The [ C ii ] and [ N ii ] emission are spatially-resolved in 0.3″-resolution ( 1 kpc in radius ) .
The kinematic properties of the [ N ii ] emission are consistent with those of the CO ( 4-3 ) and [ C ii ] emission , suggesting that the ionized gas feels the same gravitational potential as the associated molecular gas and photodissociation regions ( PDRs ) .
On the other hand , the spatial extent is different among the lines and dust continuum : the [ C ii ] emitting gas is the most extended and the dust is the most compact , leading to a difference of the physical conditions in the interstellar medium .
We derive the incident far-ultraviolet flux and the hydrogen gas density through PDR modeling by properly subtracting the contribution of ionized gas to the total [ C ii ] emission .
The observed [ C ii ] emission is likely produced by dense PDRs with n _ { \mathrm { H } } ^ { \mathrm { PDR } } = 10 ^ { 5.5 - 5.75 } cm ^ { -3 } and G _ { 0 } = 10 ^ { 3.5 - 3.75 } in the central 1 kpc region and n _ { \mathrm { H } } ^ { \mathrm { PDR } } = 10 ^ { 5.0 - 5.25 } cm ^ { -3 } and G _ { 0 } = 10 ^ { 3.25 - 3.5 } in the central 3 kpc region .
We have also successfully measured the line ratio of [ O iii ] / [ N ii ] in the central 3 kpc region of COSMOS-AzTEC-1 at z = 4.3 , which is the highest redshift where both nitrogen and oxygen lines are detected .

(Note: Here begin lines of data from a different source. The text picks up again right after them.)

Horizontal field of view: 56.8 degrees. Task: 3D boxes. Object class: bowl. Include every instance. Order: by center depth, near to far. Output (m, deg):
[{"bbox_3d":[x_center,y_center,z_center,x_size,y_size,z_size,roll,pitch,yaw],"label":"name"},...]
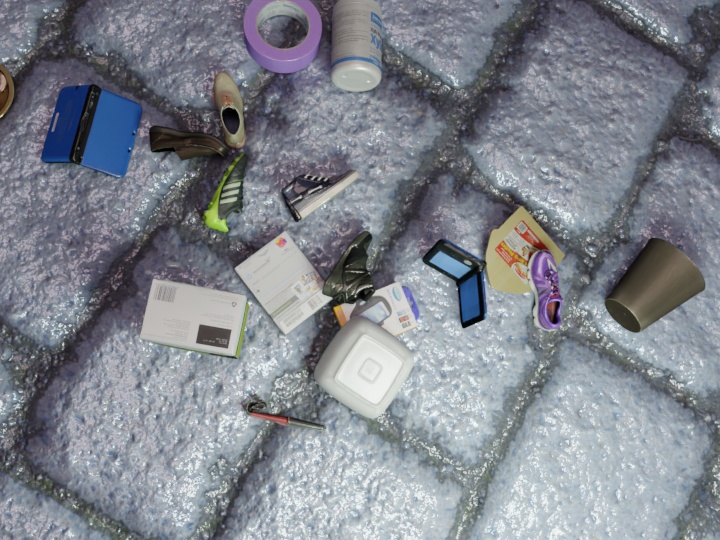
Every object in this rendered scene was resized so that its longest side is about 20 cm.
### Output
[{"bbox_3d":[0.015,0.226,1.537,0.200,0.075,0.200,35,83,-9],"label":"bowl"}]

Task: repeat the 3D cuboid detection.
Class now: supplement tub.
[{"bbox_3d":[-0.010,-0.573,1.696,0.131,0.132,0.201,3,79,-7],"label":"supplement tub"}]

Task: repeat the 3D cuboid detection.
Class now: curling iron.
[{"bbox_3d":[-0.173,0.338,1.540,0.199,0.026,0.050,20,80,-3],"label":"curling iron"}]

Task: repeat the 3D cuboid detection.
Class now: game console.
[{"bbox_3d":[0.216,0.034,1.556,0.170,0.200,0.119,29,76,0],"label":"game console"},{"bbox_3d":[-0.654,-0.336,1.623,0.170,0.118,0.201,4,75,26],"label":"game console"}]

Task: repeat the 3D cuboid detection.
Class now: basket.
[{"bbox_3d":[0.723,0.050,1.664,0.200,0.136,0.180,-41,82,-9],"label":"basket"}]

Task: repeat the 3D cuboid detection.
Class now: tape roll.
[{"bbox_3d":[-0.200,-0.615,1.715,0.199,0.066,0.202,1,78,-6],"label":"tape roll"}]

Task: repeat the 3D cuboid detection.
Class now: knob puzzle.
[{"bbox_3d":[0.391,-0.029,1.681,0.218,0.030,0.221,0,91,-14],"label":"knob puzzle"}]

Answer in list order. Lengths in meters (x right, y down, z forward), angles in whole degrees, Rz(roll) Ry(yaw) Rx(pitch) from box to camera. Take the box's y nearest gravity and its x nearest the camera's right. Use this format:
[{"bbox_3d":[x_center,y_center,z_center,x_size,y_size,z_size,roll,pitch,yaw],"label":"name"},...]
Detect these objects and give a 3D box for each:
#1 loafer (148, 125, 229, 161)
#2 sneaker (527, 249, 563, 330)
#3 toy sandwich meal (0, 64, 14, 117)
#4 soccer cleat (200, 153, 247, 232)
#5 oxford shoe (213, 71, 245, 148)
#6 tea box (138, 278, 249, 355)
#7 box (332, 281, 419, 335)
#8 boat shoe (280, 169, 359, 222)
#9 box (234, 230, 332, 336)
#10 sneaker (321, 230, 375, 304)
[{"bbox_3d":[-0.419,-0.298,1.624,0.199,0.073,0.072,10,83,3],"label":"loafer"},{"bbox_3d":[0.469,0.047,1.641,0.080,0.083,0.201,-8,89,-13],"label":"sneaker"},{"bbox_3d":[-0.928,-0.426,1.579,0.204,0.070,0.207,1,78,-7],"label":"toy sandwich meal"},{"bbox_3d":[-0.312,-0.188,1.619,0.081,0.067,0.201,29,77,-19],"label":"soccer cleat"},{"bbox_3d":[-0.322,-0.409,1.651,0.070,0.074,0.201,-15,81,-10],"label":"oxford shoe"},{"bbox_3d":[-0.359,0.112,1.476,0.199,0.197,0.135,11,78,-6],"label":"tea box"},{"bbox_3d":[0.045,0.109,1.609,0.199,0.041,0.120,-22,82,-9],"label":"box"},{"bbox_3d":[-0.103,-0.211,1.637,0.200,0.075,0.093,-36,92,-12],"label":"boat shoe"},{"bbox_3d":[-0.180,0.031,1.596,0.156,0.041,0.200,-38,86,-14],"label":"box"},{"bbox_3d":[0.000,0.000,1.592,0.114,0.076,0.200,28,58,4],"label":"sneaker"}]
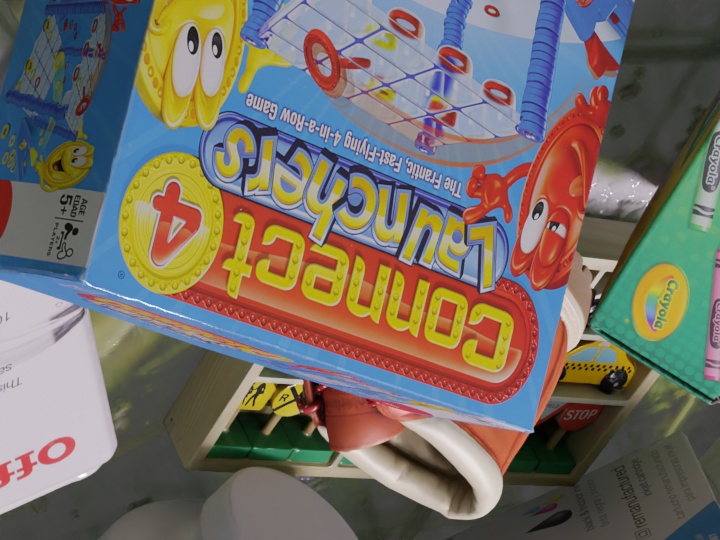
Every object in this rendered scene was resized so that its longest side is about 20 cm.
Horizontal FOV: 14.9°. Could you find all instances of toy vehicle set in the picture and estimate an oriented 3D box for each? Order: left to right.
[{"bbox_3d":[0.036,0.030,1.067,0.200,0.027,0.124,5,130,-38],"label":"toy vehicle set"}]

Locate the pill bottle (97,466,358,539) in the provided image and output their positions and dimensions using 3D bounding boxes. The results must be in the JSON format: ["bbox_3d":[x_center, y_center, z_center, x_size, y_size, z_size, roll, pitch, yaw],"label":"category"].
[{"bbox_3d":[-0.083,0.165,1.061,0.111,0.111,0.200,16,127,-43],"label":"pill bottle"}]

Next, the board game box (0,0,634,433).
[{"bbox_3d":[-0.006,-0.069,0.817,0.200,0.056,0.196,20,81,-46],"label":"board game box"}]

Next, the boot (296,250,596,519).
[{"bbox_3d":[0.000,0.000,0.916,0.075,0.107,0.200,-7,140,45],"label":"boot"}]

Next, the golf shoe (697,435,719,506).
[{"bbox_3d":[0.147,0.126,1.215,0.097,0.078,0.200,-1,133,-25],"label":"golf shoe"}]

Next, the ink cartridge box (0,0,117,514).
[{"bbox_3d":[-0.167,0.000,0.847,0.145,0.084,0.200,-23,142,-15],"label":"ink cartridge box"}]

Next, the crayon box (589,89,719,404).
[{"bbox_3d":[0.163,-0.063,0.972,0.200,0.058,0.119,-60,177,32],"label":"crayon box"}]

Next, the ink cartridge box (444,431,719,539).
[{"bbox_3d":[0.082,0.193,1.124,0.200,0.147,0.146,-25,111,4],"label":"ink cartridge box"}]
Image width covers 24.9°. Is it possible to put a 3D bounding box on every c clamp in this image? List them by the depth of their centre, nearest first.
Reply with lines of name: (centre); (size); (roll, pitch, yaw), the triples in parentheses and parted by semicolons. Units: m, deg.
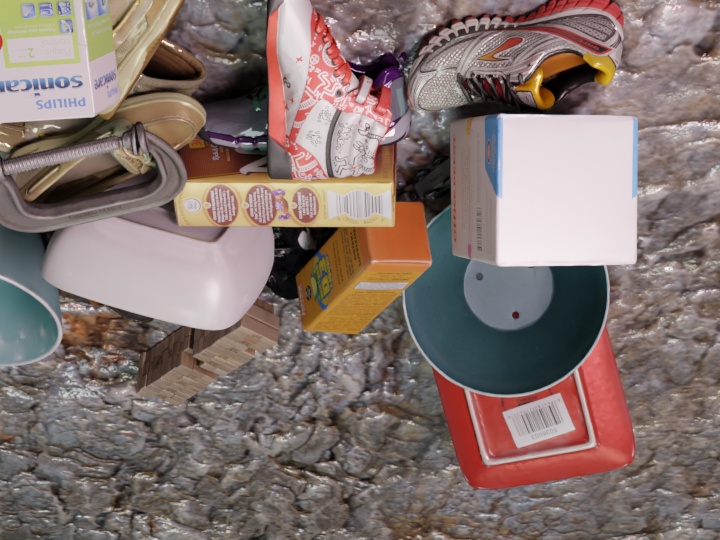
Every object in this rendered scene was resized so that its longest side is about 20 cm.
c clamp: (-0.247, -0.083, 1.382); (0.199, 0.027, 0.171); (-10, 148, -8)

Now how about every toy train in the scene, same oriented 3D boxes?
toy train: (0.037, -0.060, 1.626); (0.046, 0.034, 0.200); (-15, 164, -48)

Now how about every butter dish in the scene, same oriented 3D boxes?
butter dish: (0.197, 0.122, 1.809); (0.199, 0.148, 0.200); (-12, 100, 18)

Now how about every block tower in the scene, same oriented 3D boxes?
block tower: (-0.173, 0.089, 1.839); (0.058, 0.054, 0.200); (28, 138, -33)

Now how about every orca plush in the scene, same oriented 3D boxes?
orca plush: (-0.075, -0.019, 1.658); (0.105, 0.071, 0.200); (8, 145, -9)

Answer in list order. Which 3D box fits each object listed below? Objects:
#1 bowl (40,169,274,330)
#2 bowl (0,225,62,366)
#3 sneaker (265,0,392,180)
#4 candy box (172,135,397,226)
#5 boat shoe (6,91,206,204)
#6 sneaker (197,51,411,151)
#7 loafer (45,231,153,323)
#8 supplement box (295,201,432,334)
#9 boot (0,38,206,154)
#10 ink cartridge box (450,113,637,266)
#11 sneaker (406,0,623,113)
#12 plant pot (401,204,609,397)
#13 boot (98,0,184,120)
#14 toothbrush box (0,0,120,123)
bowl: (-0.182, -0.034, 1.538); (0.199, 0.200, 0.075); (17, 118, 4)
bowl: (-0.393, 0.004, 1.666); (0.200, 0.105, 0.201); (5, 148, 3)
sneaker: (-0.026, -0.171, 1.393); (0.107, 0.067, 0.202); (1, 118, 0)
candy box: (-0.066, -0.094, 1.500); (0.199, 0.117, 0.057); (-1, 128, 3)
boat shoe: (-0.224, -0.096, 1.439); (0.200, 0.063, 0.073); (-17, 148, 16)
sneaker: (-0.054, -0.162, 1.469); (0.199, 0.075, 0.088); (-2, 125, -1)
loafer: (-0.272, 0.009, 1.707); (0.072, 0.073, 0.200); (-14, 144, 21)
supplement box: (0.000, 0.000, 1.588); (0.068, 0.067, 0.200); (-1, 159, -21)
boot: (-0.252, -0.162, 1.454); (0.199, 0.072, 0.155); (13, 145, -25)
ink cartridge box: (0.156, -0.074, 1.456); (0.125, 0.129, 0.200); (-1, -175, -9)
sneaker: (0.130, -0.176, 1.409); (0.199, 0.082, 0.078); (-16, 143, 25)
plant pot: (0.146, 0.018, 1.631); (0.199, 0.201, 0.135); (-3, -177, 7)
boot: (-0.221, -0.240, 1.330); (0.155, 0.073, 0.200); (31, 117, -10)
toothbrush box: (-0.275, -0.219, 1.262); (0.145, 0.086, 0.201); (-2, 105, 7)
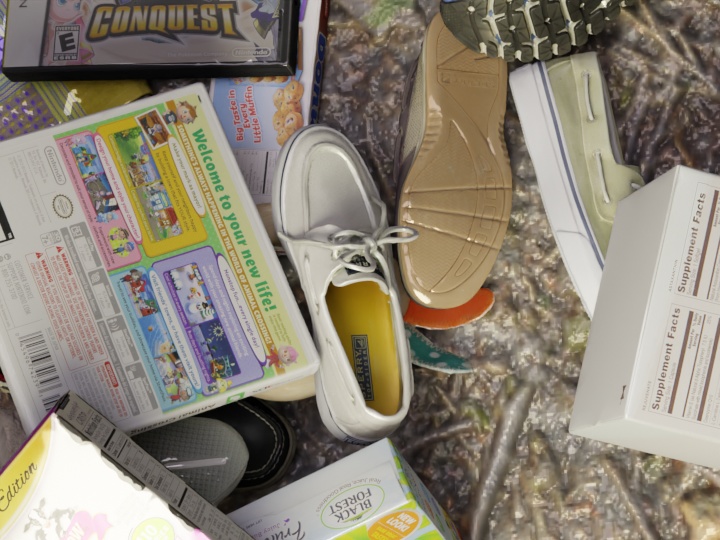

Under the most likely physical conditions , the measured luminosity ratio of L _ { \mathrm { [ OIII ] } } / L _ { \mathrm { [ NII ] } } = 6.4 \pm 2.2 indicates a near solar metallicity with Z _ { \mathrm { gas } } = 0.7 - 1.0 ~ { } Z _ { \odot } , suggesting a chemically evolved system at z = 4.3 .